Records shown: Begin

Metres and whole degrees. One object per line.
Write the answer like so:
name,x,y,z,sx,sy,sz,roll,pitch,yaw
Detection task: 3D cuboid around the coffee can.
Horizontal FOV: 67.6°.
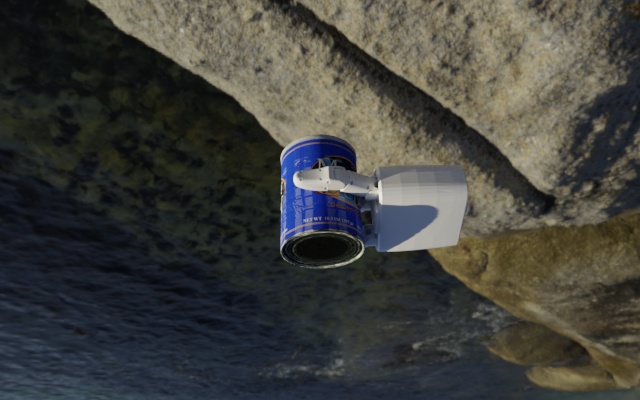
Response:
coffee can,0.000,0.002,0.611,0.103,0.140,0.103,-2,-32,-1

Records shown: End
Records shown: Begin

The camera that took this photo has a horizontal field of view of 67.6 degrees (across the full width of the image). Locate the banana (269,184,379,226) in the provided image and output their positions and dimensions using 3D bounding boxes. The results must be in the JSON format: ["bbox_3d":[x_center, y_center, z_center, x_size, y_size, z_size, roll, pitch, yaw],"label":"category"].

Records shown: End

*Exercise objective*
In the entries, some lines may contain the word "pitch". Give how many do, as a number by itself.

*The completed task*
2